Coordenado pela Secretaria Nacional de Meio Ambiente Urbano e Qualidade Ambiental, o GT é composto por especialistas do governo federal, estadual, municipal, academia, setor privado, Ministério Público e sociedade civil.
Nos últimos dois meses, o GT já se reuniu três vezes. A quarta e última reunião será nos dias 4 e 5 de março, no MMA. A expectativa é concluir a minuta de resolução 491/2018 para ser enviada à Câmara Técnica de Qualidade Ambiental para deliberação ainda em março de 2024. O objetivo é que o tema entre na pauta do Conama para aprovação em agosto, antes do prazo estabelecido pelo Supremo para a revisão da resolução 491/2018".
Manifesto
Carta aberta à Ministra do Meio Ambiente e Mudança do Clima e aos integrantes do Conselho Nacional do Meio Ambiente
Assunto: Revisão da Resolução Conama nº 491/2018 e a necessidade do estabelecimento de prazos para o atingimento dos padrões nacionais de qualidade do ar segundo índices recomendados pela OMS, bem como a atualização dos episódios críticos de qualidade do ar.
Excelentíssima Senhora
Marina Silva
Ministra do Meio Ambiente e Mudança do Clima
Brasília, 4 de março de 2024.
Somos os Médicos pelo Ar Limpo. Juntamo-nos pela defesa da qualidade do ar no embate à maior ameaça à saúde global enfrentada pela humanidade: a mudança do clima.
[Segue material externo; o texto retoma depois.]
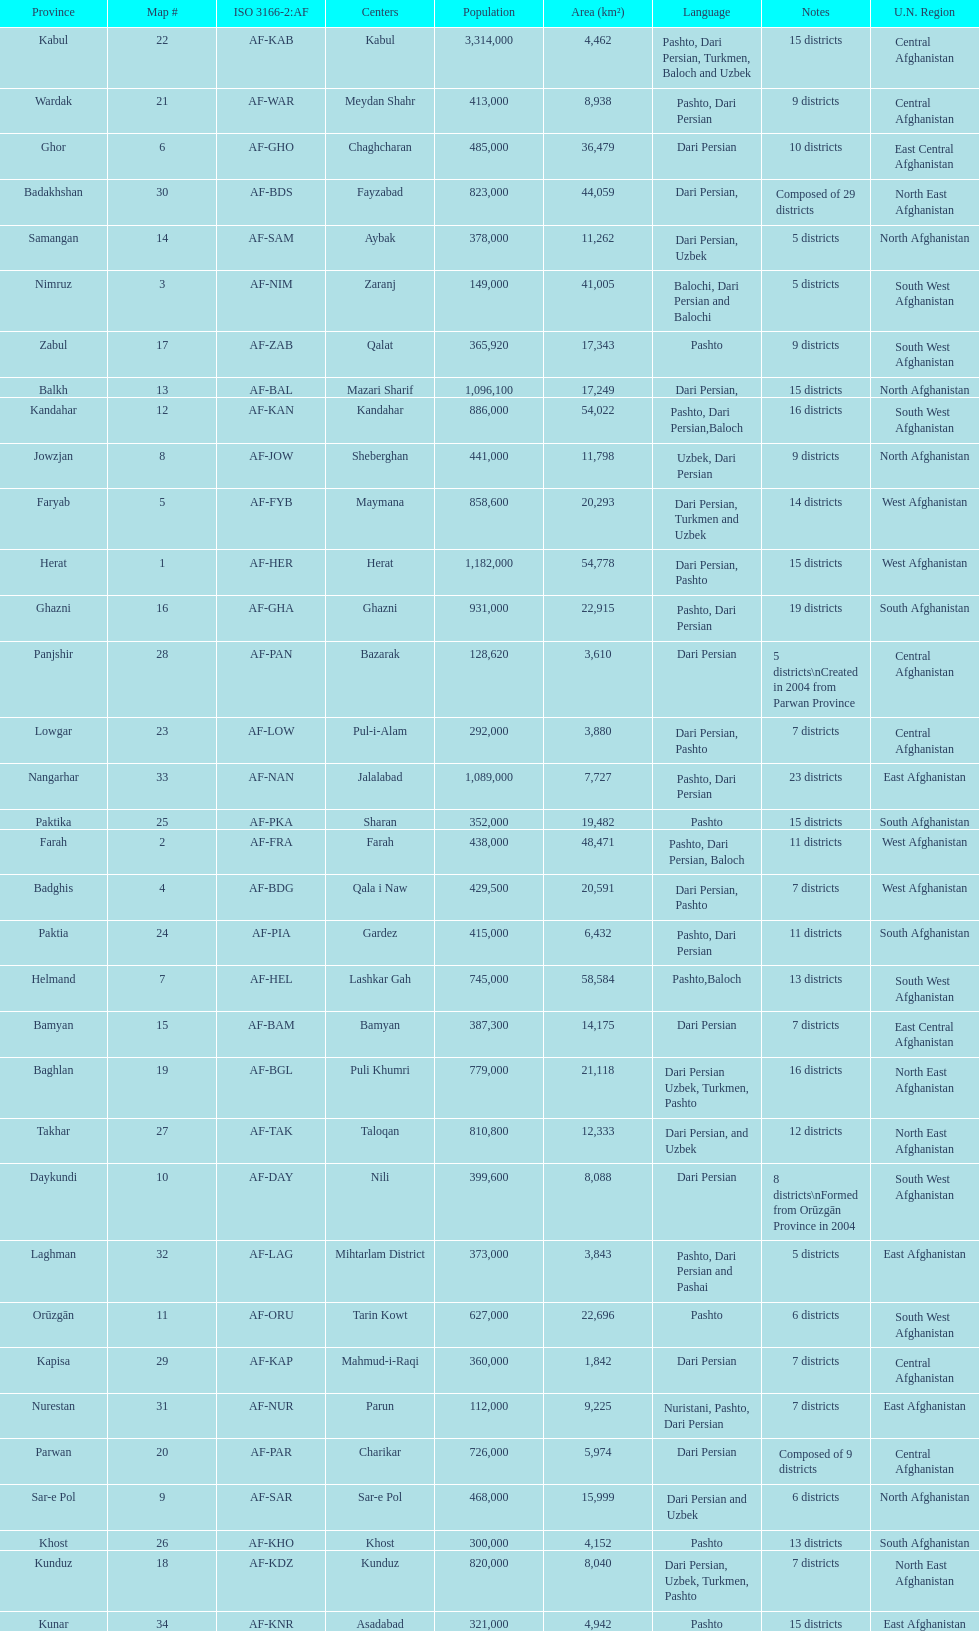How many districts are in the province of kunduz? 7. 
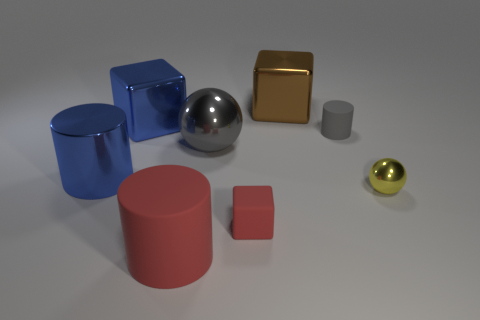There is a big metal ball; is its color the same as the small thing that is behind the tiny yellow thing?
Your answer should be compact. Yes. There is a metallic ball on the left side of the large brown thing; what is its color?
Make the answer very short. Gray. There is a blue object to the left of the blue metal block to the left of the big metallic ball; what is its shape?
Give a very brief answer. Cylinder. Is the material of the yellow sphere the same as the cylinder in front of the small yellow sphere?
Your answer should be very brief. No. What shape is the thing that is the same color as the tiny matte block?
Make the answer very short. Cylinder. What number of other gray matte things are the same size as the gray matte object?
Your response must be concise. 0. Are there fewer small red rubber objects that are behind the metallic cylinder than big brown metallic cylinders?
Offer a terse response. No. How many big blue objects are on the left side of the big blue metallic cube?
Give a very brief answer. 1. How big is the rubber cylinder behind the blue shiny thing in front of the matte cylinder that is behind the tiny sphere?
Provide a succinct answer. Small. There is a tiny gray thing; is it the same shape as the red rubber thing to the left of the large gray metal ball?
Ensure brevity in your answer.  Yes. 
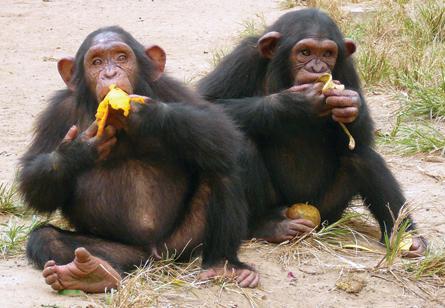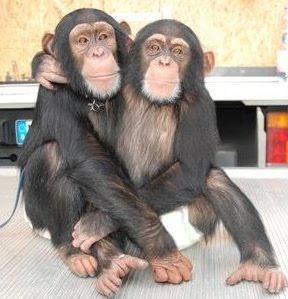The first image is the image on the left, the second image is the image on the right. Examine the images to the left and right. Is the description "There is two chimpanzees in the right image laying down." accurate? Answer yes or no. No. The first image is the image on the left, the second image is the image on the right. For the images shown, is this caption "An image shows a pair of same-sized chimps in a hugging pose." true? Answer yes or no. Yes.

A poluição do ar e a mudança do clima, juntas, foram elencadas como a primeira entre as 10 emergências globais em saúde da Organização Mundial de Saúde. Assim, devemos enfrentá-las para garantir a saúde e o bem-estar dos brasileiros, bem como a preservação do meio ambiente em todo o território nacional.
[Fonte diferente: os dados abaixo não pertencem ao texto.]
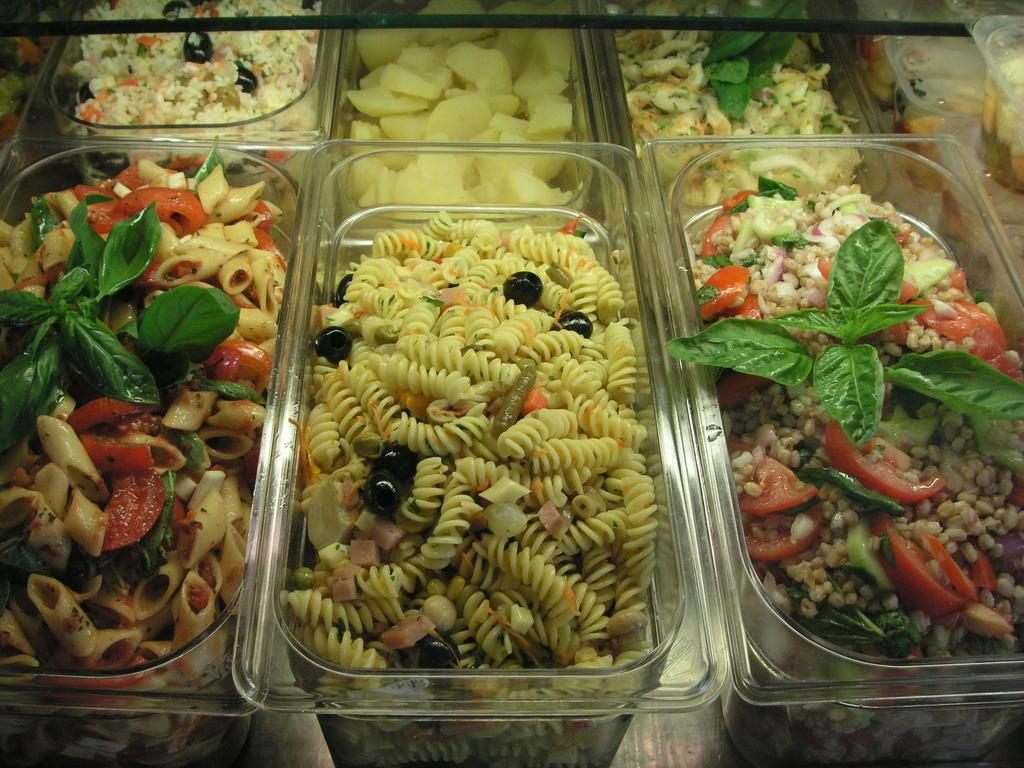What is contained within the baskets in the image? There are baskets with food in the image. Can you describe the appearance of the food? The food is colorful. Where are the baskets located in the image? The baskets are on a surface. What is the name of the girl holding the yarn in the image? There are no girls or yarn present in the image; it only features baskets with colorful food. 
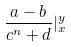<formula> <loc_0><loc_0><loc_500><loc_500>\frac { a - b } { c ^ { n } + d } | _ { x } ^ { y }</formula>

Neste momento, enquanto o Conselho Nacional do Meio Ambiente discute a revisão da Resolução CONAMA 491/2018, que estabelece os padrões de qualidade do ar no país, viemos clamar pela definição de padrões seguros e protetivos e prazos para alcançá-los, bem como a atualização dos episódios críticos, visando assegurar a defesa constitucional da saúde de nossa população o mais rapidamente possível. Após sete anos de debate e aprovada em 2018, a Resolução encontra-se diante de uma oportunidade ímpar de aprimoramento. A Ação de Inconstitucionalidade (ADI 6148/2019), proposta pela Procuradoria Geral da República ao Supremo Tribunal Federal e julgada em 2022, resultou na determinação de revisão da Resolução no prazo de 24 meses, com o objetivo de garantir a efetividade dos direitos fundamentais. Acreditamos que essa decisão só pode ser plenamente alcançada com a inclusão de prazos claros e bem definidos para atingirmos os níveis mais seguros de qualidade do ar, como recomenda a OMS.
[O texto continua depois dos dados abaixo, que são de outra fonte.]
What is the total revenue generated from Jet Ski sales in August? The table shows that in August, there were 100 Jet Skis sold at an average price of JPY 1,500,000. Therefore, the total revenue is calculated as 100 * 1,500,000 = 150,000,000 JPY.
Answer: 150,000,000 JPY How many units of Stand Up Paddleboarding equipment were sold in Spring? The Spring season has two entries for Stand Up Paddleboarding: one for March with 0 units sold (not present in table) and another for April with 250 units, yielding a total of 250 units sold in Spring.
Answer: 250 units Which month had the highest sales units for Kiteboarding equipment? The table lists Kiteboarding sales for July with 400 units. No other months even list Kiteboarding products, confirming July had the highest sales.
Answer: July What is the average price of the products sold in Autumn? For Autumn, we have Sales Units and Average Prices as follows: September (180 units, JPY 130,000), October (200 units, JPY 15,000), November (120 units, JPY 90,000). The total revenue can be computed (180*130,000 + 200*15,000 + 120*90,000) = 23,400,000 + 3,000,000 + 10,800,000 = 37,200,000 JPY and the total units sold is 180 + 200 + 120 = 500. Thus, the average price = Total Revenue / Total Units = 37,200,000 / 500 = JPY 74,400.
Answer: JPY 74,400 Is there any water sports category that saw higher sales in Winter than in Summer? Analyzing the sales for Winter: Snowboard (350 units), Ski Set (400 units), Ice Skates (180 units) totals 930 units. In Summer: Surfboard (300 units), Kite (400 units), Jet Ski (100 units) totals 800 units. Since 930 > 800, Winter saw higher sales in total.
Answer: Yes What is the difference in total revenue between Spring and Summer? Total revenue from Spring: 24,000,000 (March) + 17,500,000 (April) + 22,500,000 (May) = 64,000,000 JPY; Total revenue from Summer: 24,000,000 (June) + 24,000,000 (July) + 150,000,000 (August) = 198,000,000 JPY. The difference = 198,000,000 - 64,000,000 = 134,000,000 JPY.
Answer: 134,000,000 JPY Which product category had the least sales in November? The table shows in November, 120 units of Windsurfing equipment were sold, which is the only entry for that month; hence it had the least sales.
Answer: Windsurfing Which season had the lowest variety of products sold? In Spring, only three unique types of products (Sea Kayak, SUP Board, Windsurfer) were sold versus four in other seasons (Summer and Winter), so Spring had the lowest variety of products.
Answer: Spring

Vale ressaltar que, segundo dados do Instituto Ar, em comparação com 12 outros países, o Brasil ocupa o 3º pior lugar no ranking de padrões de qualidade do ar atuais para material particulado (MP2,5) na atmosfera, ao lado da Índia. Apenas China e Argentina apresentam legislações mais permissivas à poluição. É crucial destacar que embora a maioria dos países analisados ainda apresentem padrões nacionais elevados, em suas legislações vigentes já definem prazos para o aprimoramento gradual dos padrões, com o objetivo final de alcançar as diretrizes da OMS. Nosso país está defasado nesse quesito, com uma legislação superior apenas à de países asiáticos.
Ademais, os níveis de concentração de poluentes considerados episódios críticos de alerta, atenção e emergência - fundamentais para informação e tomada de ações imediatas e protetivas à população - encontram-se defasados em relação a seis países pesquisados, que incluem, além dos EUA, França e Canadá, os da América Central, como Chile, Colômbia e México.
Acreditamos que a revisão da Resolução CONAMA 491/2018 é uma oportunidade histórica para o Brasil dar um passo significativo contra a poluição do ar e a mudança do clima, e garantir um futuro mais saudável para todos. Contamos com o firme compromisso de Vossa Excelência para que essa oportunidade seja aproveitada ao máximo.